• Task details
Beginning with the line where "- package of pads [237,102,491,408]" appears, retype every remaining line of the data below, both the first and last included.
+ + + + +
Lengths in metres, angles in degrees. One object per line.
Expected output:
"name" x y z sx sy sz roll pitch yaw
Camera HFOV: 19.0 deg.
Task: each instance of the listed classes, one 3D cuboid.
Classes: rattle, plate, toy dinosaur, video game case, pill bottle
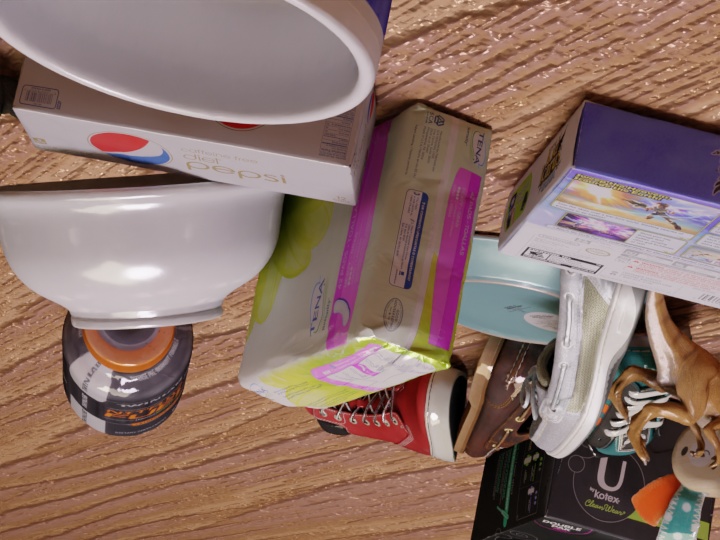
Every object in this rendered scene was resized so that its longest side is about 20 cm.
"rattle" 0.253 0.123 1.526 0.199 0.131 0.143 -23 161 25
"plate" 0.111 0.020 1.529 0.199 0.026 0.200 11 162 4
"toy dinosaur" 0.217 0.069 1.458 0.106 0.060 0.200 -33 114 15
"video game case" 0.198 -0.030 1.269 0.199 0.046 0.181 14 164 -6
"pill bottle" -0.190 0.065 1.747 0.106 0.107 0.200 13 163 -3

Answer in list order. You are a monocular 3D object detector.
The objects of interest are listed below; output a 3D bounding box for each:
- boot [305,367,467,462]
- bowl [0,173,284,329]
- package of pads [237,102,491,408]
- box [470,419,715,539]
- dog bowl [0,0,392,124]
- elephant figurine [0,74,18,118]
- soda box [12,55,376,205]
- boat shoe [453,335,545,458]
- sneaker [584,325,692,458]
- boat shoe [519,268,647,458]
"boot" 0.017 0.115 1.832 0.143 0.073 0.200 13 167 4
"bowl" -0.137 -0.013 1.348 0.200 0.091 0.201 -3 -175 0
"package of pads" 0.000 0.000 1.315 0.068 0.155 0.200 18 163 -21
"box" 0.197 0.180 1.815 0.148 0.125 0.200 15 162 -12
"dog bowl" -0.082 -0.145 1.035 0.199 0.079 0.200 12 163 4
"elephant figurine" -0.297 -0.052 1.276 0.154 0.201 0.142 10 163 5
"soda box" -0.094 -0.093 1.240 0.199 0.064 0.068 11 163 6
"boat shoe" 0.118 0.107 1.702 0.070 0.071 0.200 21 160 4
"sneaker" 0.201 0.091 1.572 0.071 0.080 0.200 -8 169 -9
"boat shoe" 0.144 0.050 1.454 0.064 0.075 0.202 19 141 3
+ + + + +
• Written solution
- package of pads [237,102,491,408]
- box [470,419,715,539]
- dog bowl [0,0,392,124]
- elephant figurine [0,74,18,118]
- soda box [12,55,376,205]
- boat shoe [453,335,545,458]
- sneaker [584,325,692,458]
- boat shoe [519,268,647,458]
"boot" 0.017 0.115 1.832 0.143 0.073 0.200 13 167 4
"bowl" -0.137 -0.013 1.348 0.200 0.091 0.201 -3 -175 0
"package of pads" 0.000 0.000 1.315 0.068 0.155 0.200 18 163 -21
"box" 0.197 0.180 1.815 0.148 0.125 0.200 15 162 -12
"dog bowl" -0.082 -0.145 1.035 0.199 0.079 0.200 12 163 4
"elephant figurine" -0.297 -0.052 1.276 0.154 0.201 0.142 10 163 5
"soda box" -0.094 -0.093 1.240 0.199 0.064 0.068 11 163 6
"boat shoe" 0.118 0.107 1.702 0.070 0.071 0.200 21 160 4
"sneaker" 0.201 0.091 1.572 0.071 0.080 0.200 -8 169 -9
"boat shoe" 0.144 0.050 1.454 0.064 0.075 0.202 19 141 3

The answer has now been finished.